Ah, another true believer. I work heavily in both managed and unmanaged code (c/c++/c#) hybrid solutions. In my experience, a well designed C++ program is as stable as a well designed C# program. Who cares if it "crashes" if it doesn't do what you want? The worst program is one that seems to be working but is generating invalid results. Don't let anyone convince you that C# is going to provide more reliable execution. We use C# for its nice GUIs; C++ for cross-platform portability.
Re:You're not the first one.... by mr_tenor · 2006-02-04 16:45 · Score: 5, Insightful

WTF? I love Haskell as much as the next programming-language-theory fanboy, but saying "Haskell or one of the other functional languages might be a good idea." in reply to the OP strongly suggests to me that you are just making stuff up and/o are copy/pasting things that you have read elsewhere out of context

If not, then great! Please post some references to literature which demonstrates how what you've suggested is sane and/or possible :)
Congratulations! Nice Work! by aendeuryu · 2006-02-04 16:53 · Score: 5, Funny

"I need to create an ultra-stable, crash-free application in C++. Sadly, the programming language cannot be changed...

From zero to flame war in under 20 words. Well done!
Listen to what he said!! by logicnazi · 2006-02-04 18:08 · Score: 5, Insightful

Jesus christ people he is asking you how he should go about building an ultra-stable application in C++. He told you he *has* to build it in C++ because there are critical libraries and other components that aren't availible in C++. Telling him he shouldn't build it in C++ anyway just isn't helpfull.

I hate to break it to people but there *are* libraries, especially for types of scientific computing, that are only (reasonably) availible in C++ or sometimes FORTRAN. Not only would abandoning these libraries mean he would completely have to reinvent the wheel but also might cause serious compatibility problems not to mention a much greater ongoing maintenence responsibility (he can't just check his program to make sure things still work when someone fixes a library bug).
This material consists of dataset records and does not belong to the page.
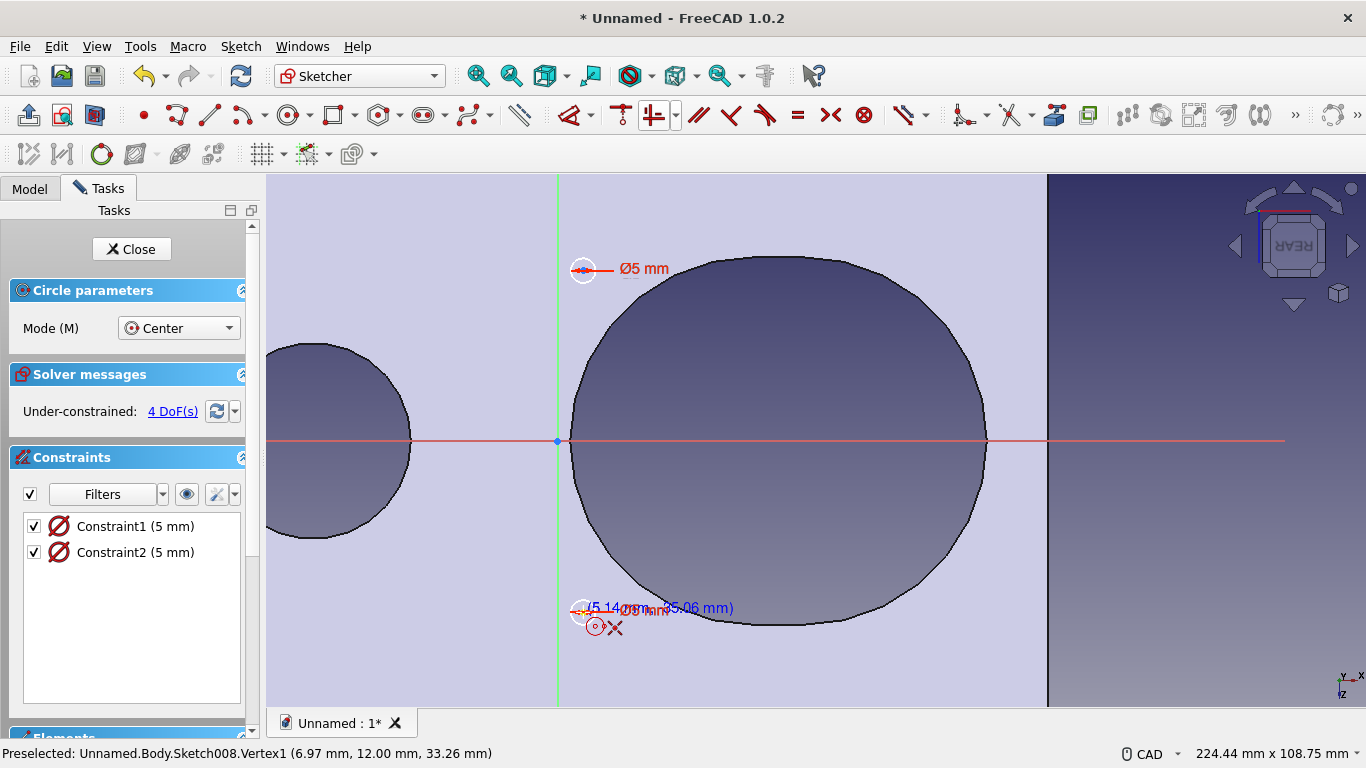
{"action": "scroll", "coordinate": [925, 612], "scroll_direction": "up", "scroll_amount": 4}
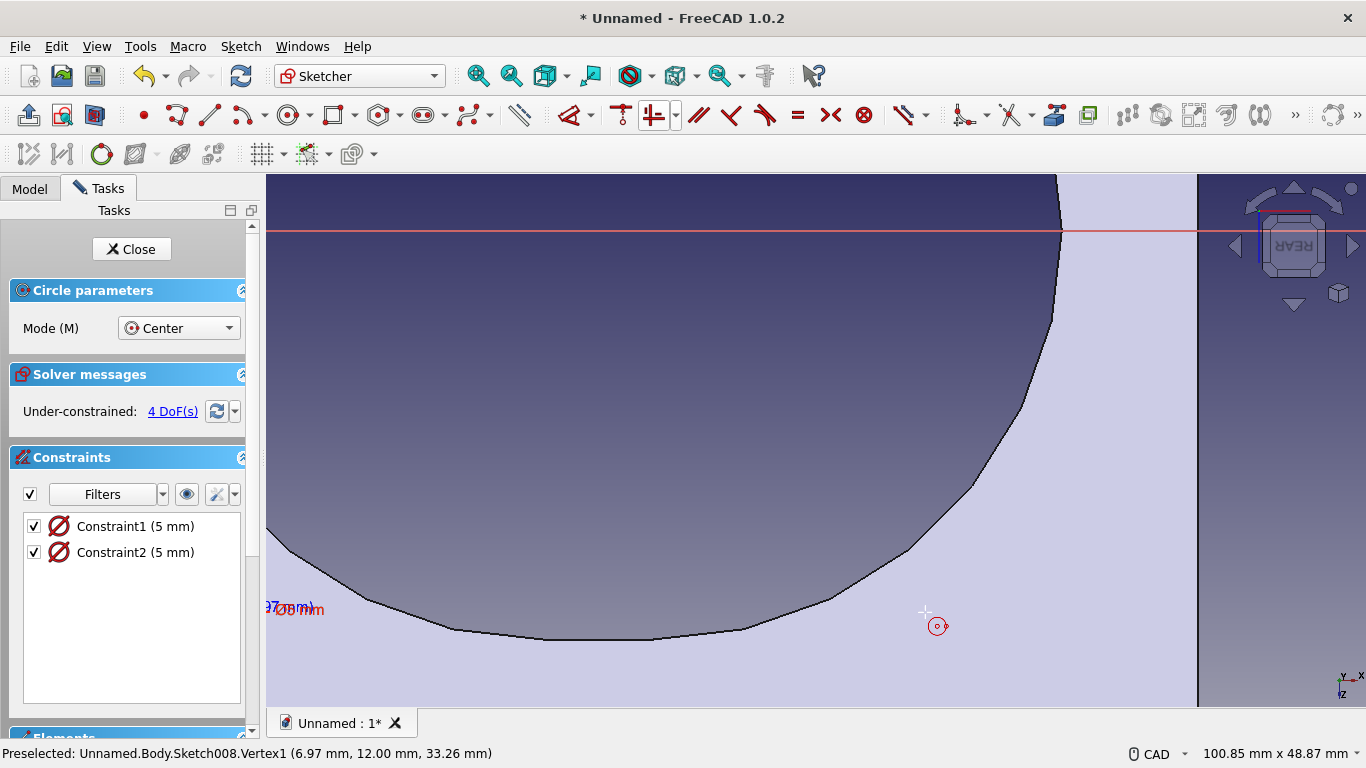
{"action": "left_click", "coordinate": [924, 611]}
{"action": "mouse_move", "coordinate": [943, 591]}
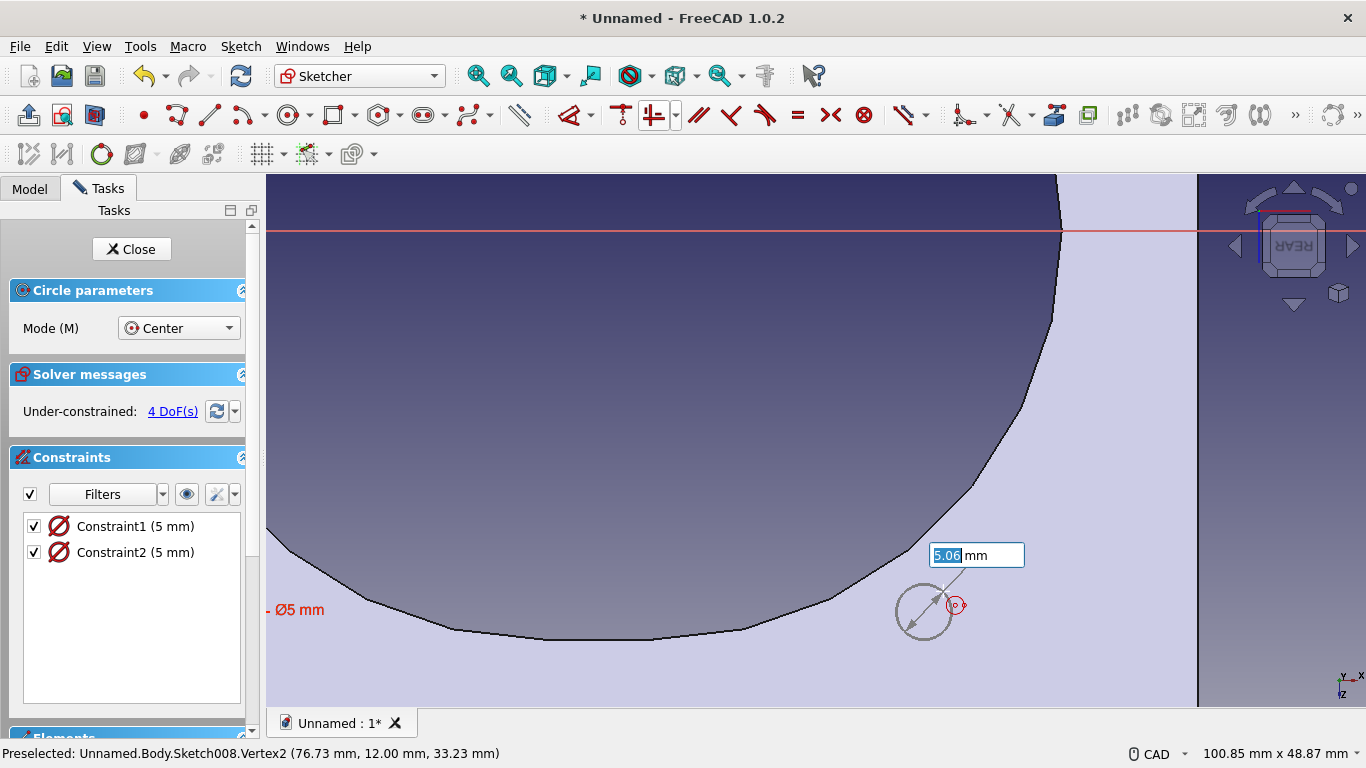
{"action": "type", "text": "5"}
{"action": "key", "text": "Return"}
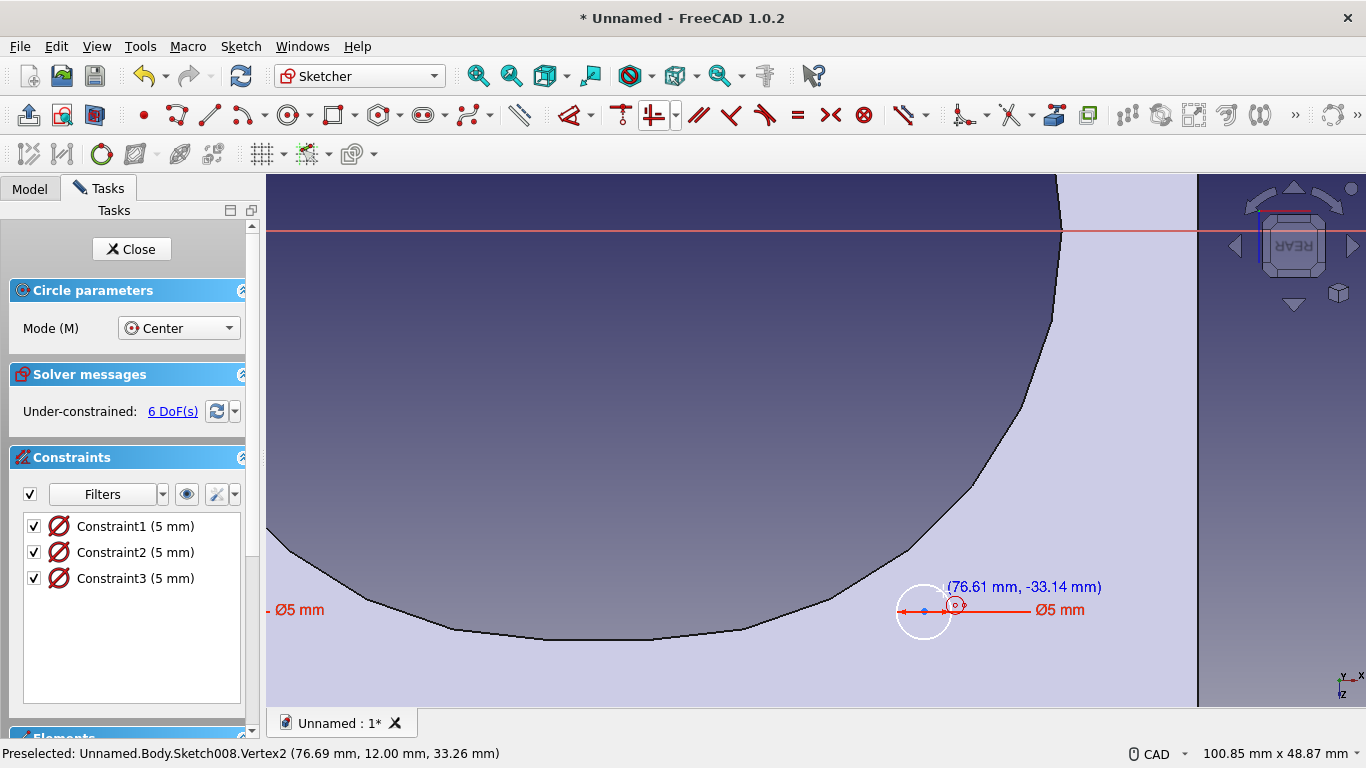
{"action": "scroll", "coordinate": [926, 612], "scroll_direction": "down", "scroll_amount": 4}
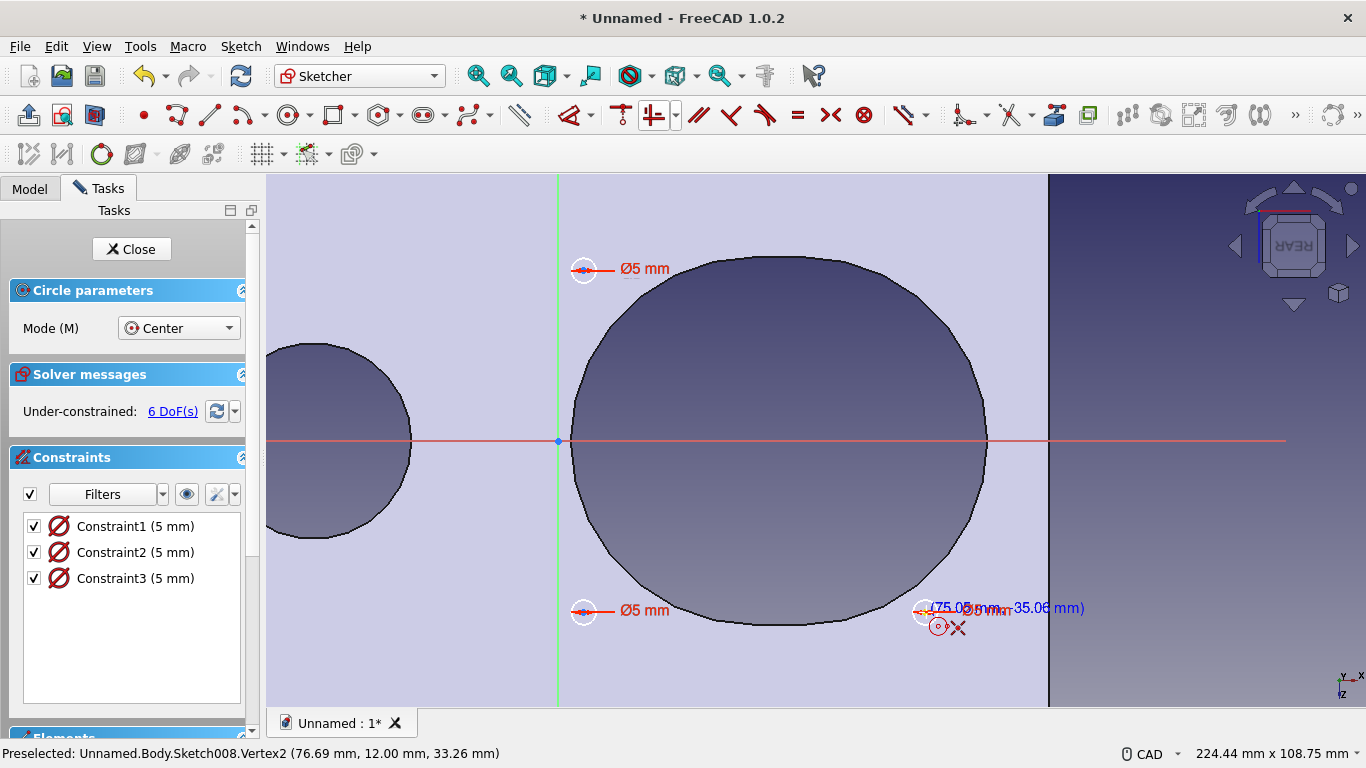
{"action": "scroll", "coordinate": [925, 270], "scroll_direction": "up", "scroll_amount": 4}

Moreover, the idea that because he is considering using CORBA, IPC or whatever else speed can't matter enough to require C/C++ is dead wrong. It is true that whatever *parts* of the process are done using these components may not require huge amounts of speed but this doesn't mean one of these components isn't doing something very processor heavy.

In particular what he says sounds like the situation in some areas of scientific computing. If one is writing a program to do some sort of simulation or similar math intensive operations speed can be *very* important in the critical parts of the code but (in some cases) transfering information to the GUI or other components need not be particularly speedy (increasing by an order of magnitude may make a small difference in overall runtime). Imagine a program that does some kind of weather, or nuclear detonation simulation. The cross-processor communication and the core simulation kernel need to be very fast but the GUI and data input components need not be particularly fast. Also it is my understanding that often the critical libraries in this area are often only availible (at least freely) with C/C++ or fortran bindings.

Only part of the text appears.